# Is Calvary Chapel Cultic?



## Blue Tick

Do you think Calvary Chapel is cultic? 

I ask this because I attended Calvary for a long time and was on staff at two different Calvary churches and observed cultic behavior. From the complete lack of any pastoral accountability, sophomoric teaching, and Chuck Smith worship it's definitely fertile for serious kool aid drinkers! 

When my wife and I were asked to leave (actually escorted out of the building) because I was truthful as to why we were leaving, the staff was informed not to talk to us. 

I just get angry sometimes at their anti-calvinist diatribes. I have many friends who no longer talk to us because we are reformed. The thing is they don't know anything about being reformed or what it means to be a calvinist.
The leaders in Calvary manipulate the laity into thinking calvinism is synonymous with the boogey man.

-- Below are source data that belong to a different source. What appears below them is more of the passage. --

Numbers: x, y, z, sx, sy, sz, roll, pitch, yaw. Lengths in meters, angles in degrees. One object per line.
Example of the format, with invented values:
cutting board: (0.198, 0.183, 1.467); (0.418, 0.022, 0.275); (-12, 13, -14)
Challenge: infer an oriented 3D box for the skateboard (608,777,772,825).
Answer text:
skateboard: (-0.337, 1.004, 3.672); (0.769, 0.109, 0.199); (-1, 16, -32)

Boo! Here's Johnny Calvinist! 


Any thoughts or experience with Calvary please share. It will be quite cathartic for me.

Thank Him for His Mercy!

John


----------



## Pergamum

WHat were the circumstances of your being asked to leave?


----------



## Scott Bushey

Add to my list from the other thred:
1) Rebaptizers (making them true anabaptists)
2) Not disqualifying leadership that has been caught in grievous sin, i.e adultery.
3) Leadership essentially ordain themselves.

Chuck Smith is Pope!


----------



## bill c.

I attended the local CC and never once heard the pastor speak about Calvinism pro or con. He did quote from Calvin a few times nothing negative though. Maybe it varies depending on the pastor. I was kind of uneasy about the issue of who the pastor was accountable to. I had heard that CC pastors were supposed to denigrate other churches but never heard this instead heard the pastor speak very well of other churches. The bookstore at CC had a lot of books by Reformed authors like Pink, Watson, Lloyd-Jones, Boice, etc. and they sold very well.

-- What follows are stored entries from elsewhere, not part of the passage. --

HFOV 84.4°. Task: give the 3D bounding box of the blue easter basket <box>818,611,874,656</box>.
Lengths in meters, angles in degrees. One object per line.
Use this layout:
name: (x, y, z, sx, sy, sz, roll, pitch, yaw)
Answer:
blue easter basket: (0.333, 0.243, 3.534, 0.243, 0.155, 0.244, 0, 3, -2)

I did attend one of the home fellowships where I felt things were a little cult-like.


----------



## ReformedWretch

Most CC pastors will call themselves 4 pointers or Calminians (ugh). I came out of a CC church before getting into my current one and while I wouldn't call them "cultic" I would say they are cult like. Their ignornace is to blame. Many of them are "seeker sensitive" which only ads to their problems.

Everything Scott said is true!

1) Rebaptizers (making them true anabaptists)

Absolutely!

2) Not disqualifying leadership that has been caught in grievous sin, i.e adultery.

I've seen this!

3) Leadership essentially ordain themselves.

I was at an ordaination and it was creepy!



> Chuck Smith is Pope!



While many make this into a joke, it is very, very true.


----------



## R. Scott Clark

Out here they tend to be very hostile to the doctrines of grace. They've gone after us (Oceanside URC) hammer and tong. Ask Pastor Hyde about his experience or the experiences of some of our members. They do resemble those groups envisioned by the Belgic Confession Art 29 denominated "sects" that appropriate to themselves the name "church." 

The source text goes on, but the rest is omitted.